Pogge hält es für Unrecht, sich so auf Kosten anderer das Leben leicht zu machen. Er vergleicht es mit einer Spazierfahrt übers Land, die jemand zum Spaß unternimmt. Die Abgase der Fahrt produzieren insgesamt mehr Schaden als Nutzen. Aber den Nutzen hat der Fahrer allein, und vom Schaden bekommt er nur 0,000000014 Prozent ab. Also macht er weiter, und alle anderen auch. Am Ende ergehe es allen schlechter, als wenn der Schaden voll berücksichtigt worden wäre.

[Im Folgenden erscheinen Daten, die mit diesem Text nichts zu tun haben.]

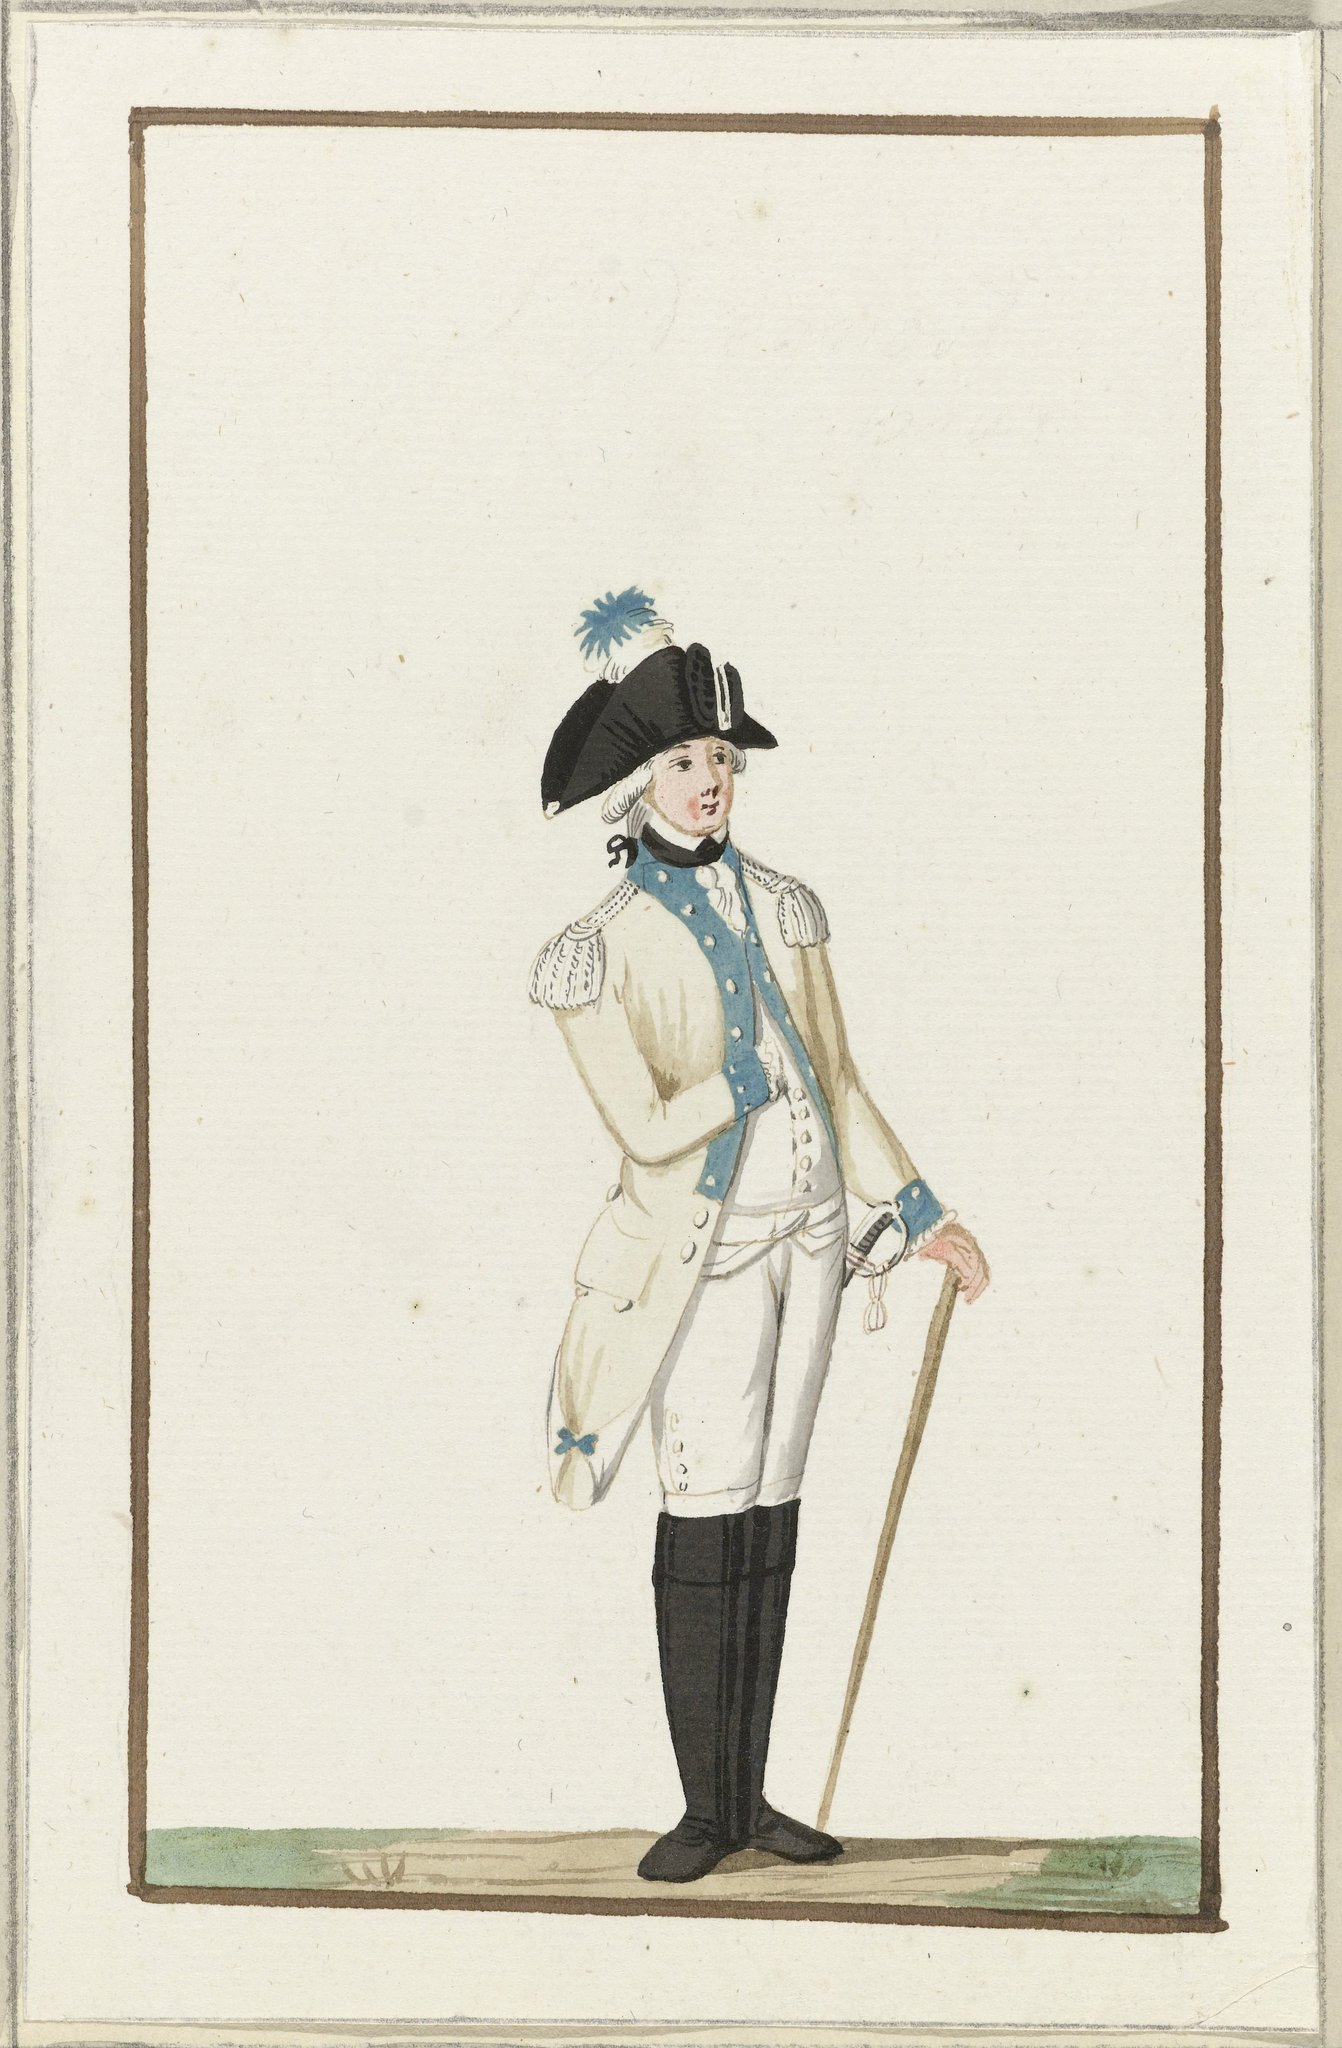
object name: drawing
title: Leyden / Cavallery (Stud: Genootsch:)
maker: Anonymous
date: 1787-1790
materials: paper
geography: northern netherlands
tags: (military) uniforms (+ citizen soldiery, civil guard, citizen militia), leiden, patriots (1780-1795)
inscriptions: collector's mark: Lugt 2228
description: Uniform van de cavalerie van het exercitiegenootschap van de studenten van de Universiteit van Leiden. Onderdeel van een serie van 32 tekeningen van de verschillende monteringen (uniformen) van patriotse schutterijen en burgerkorpsen in Nederland in 1787.

Es sei eine klassische Aufgabe des Rechts, durch Regeln und Sanktionen das individuell optimale Handeln mit dem kollektiv optimalen Handeln in Einklang zu bringen. Das Recht soll, kantisch gesprochen, die Freiheit eines jeden so einschränken, dass sie mit der gleichen Freiheit jedes anderen vereinbar ist, so Pogge. Die Oslo-Grundsätze interpretieren bestehendes Recht, so dass es dieser Aufgabe gerecht wird.
Gerichtliche Hilfe
Parlamente und Regierungen bleiben die zentralen Orte für Klimaschutz, meint Meyer-Ohlendorf, aber Gerichte können die Bemühungen unterstützen. Wie beim Vorgehen gegen die US-Tabakindustrie. Richterliche Urteile haben da eine wichtige Rolle gespielt. Wobei beim Rauchen die Kausalitäten einfacher sind als bei Treibhausgasemissionen, merkt der Völkerrechtler an. Einen Hebel für Klimaschutz sieht er im Aktienrecht. Da hätten Richter zumeist klare Regeln, nach denen sie urteilen können. In den USA laufen derzeit staatsanwaltliche Ermittlungen gegen den Ölriesen Exxon. Der hat möglicherweise die Rechte von Aktionären verletzt: Dass aus der Erwärmung die Notwendigkeit erwächst, fossile Brennstoffe zu vermeiden, verschwieg man nach Meinung der Staatsanwaltschaft den Anlegern.
Hier sieht Meyer-Ohlendorf eine mögliche Grundlage für Schadensersatzansprüche. Aktionäre können sich darauf berufen, dass die gekauften Aktien weniger wert sind, als nach den Darstellungen Exxons anzunehmen war. Der Völkerrechtler erklärt: "Investoren ziehen sich eher zurück, wenn sie die vollen finanziellen Risiken ihrer Investition besser verstehen. Öl, Gas und Kohlefirmen müssen höhere Rücklagen für Ansprüche ihrer Aktionäre bilden, was das existierende Geschäftsmodell unattraktiver macht."